Readme
Unofficial Implementation of bytedance/LatentSync
This is an unofficial implementation of bytedance/LatentSync. This version has been improved to support both images and videos as input for lip-syncing.
LatentSync: Audio Conditioned Latent Diffusion Models for Lip Sync
We present LatentSync, an end-to-end lip sync framework based on audio-conditioned latent diffusion models without any intermediate motion representation. This approach diverges from previous diffusion-based lip sync methods that rely on pixel space diffusion or two-stage generation.
Our framework leverages the powerful capabilities of Stable Diffusion to directly model complex audio-visual correlations.

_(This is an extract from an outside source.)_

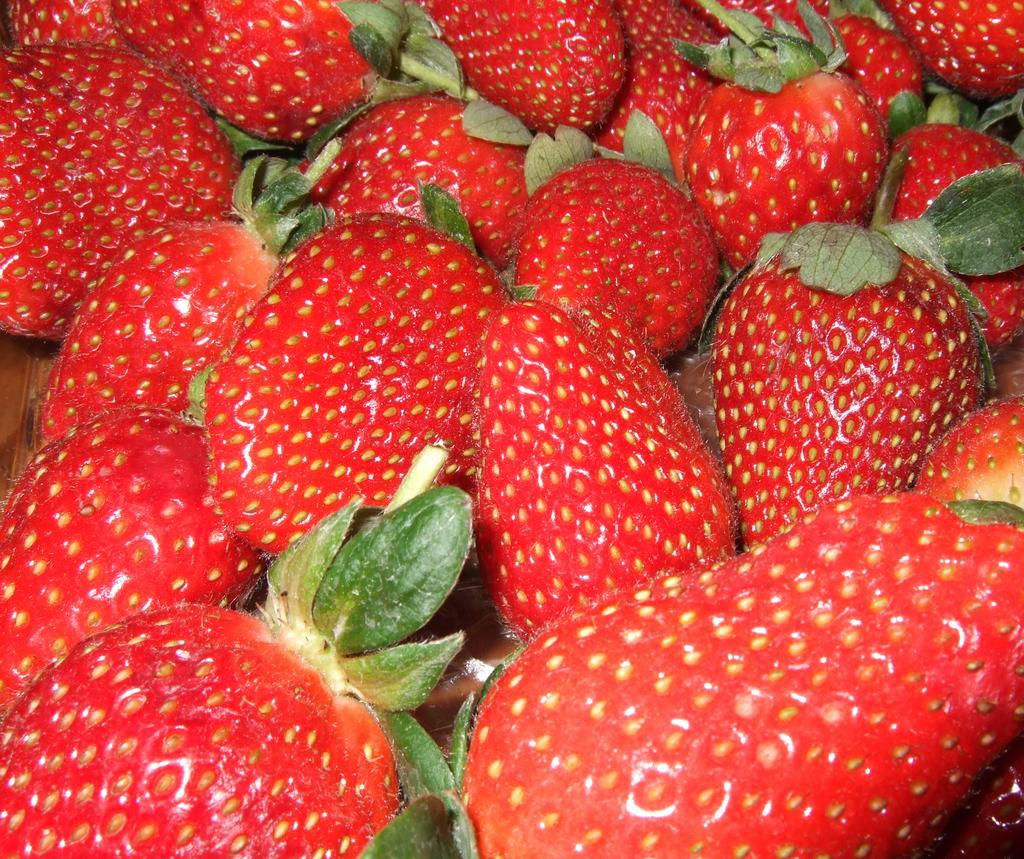What type of fruit is present in the image? There are strawberries in the image. What is the color of the strawberries? The strawberries are red in color. What other colors can be seen on the strawberries? The strawberries have brown and green parts. On what surface are the strawberries placed? The strawberries are on a brown colored surface. What type of reward does the daughter receive for using the swing in the image? There is no swing or daughter present in the image, and therefore no reward can be given for using a swing.

However, we found that diffusion-based lip sync methods tend to exhibit inferior temporal consistency due to inconsistencies in the diffusion process across different frames.

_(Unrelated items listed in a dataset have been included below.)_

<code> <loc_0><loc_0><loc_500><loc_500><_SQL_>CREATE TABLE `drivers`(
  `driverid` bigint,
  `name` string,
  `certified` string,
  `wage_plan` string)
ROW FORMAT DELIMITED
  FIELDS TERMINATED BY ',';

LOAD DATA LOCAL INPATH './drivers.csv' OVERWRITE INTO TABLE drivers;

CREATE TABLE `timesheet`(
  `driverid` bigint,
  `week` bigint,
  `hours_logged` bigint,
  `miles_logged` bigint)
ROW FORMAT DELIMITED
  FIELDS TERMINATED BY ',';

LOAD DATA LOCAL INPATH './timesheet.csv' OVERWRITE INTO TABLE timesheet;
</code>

To address this, we propose Temporal REPresentation Alignment (TREPA) to enhance temporal consistency while preserving lip-sync accuracy. TREPA utilizes temporal representations extracted by large-scale self-supervised video models to align the generated frames with the ground truth frames.
Framework
LatentSync utilizes Whisper to convert melspectrograms into audio embeddings, which are then integrated into the U-Net via cross-attention layers.
- The reference and masked frames are channel-wise concatenated with noised latents as input to U-Net.
- During training, we use a one-step method to estimate clean latents from predicted noises.
- These latents are then decoded to obtain the estimated clean frames.
- TREPA, LPIPS, and SyncNet losses are applied in the pixel space to improve performance.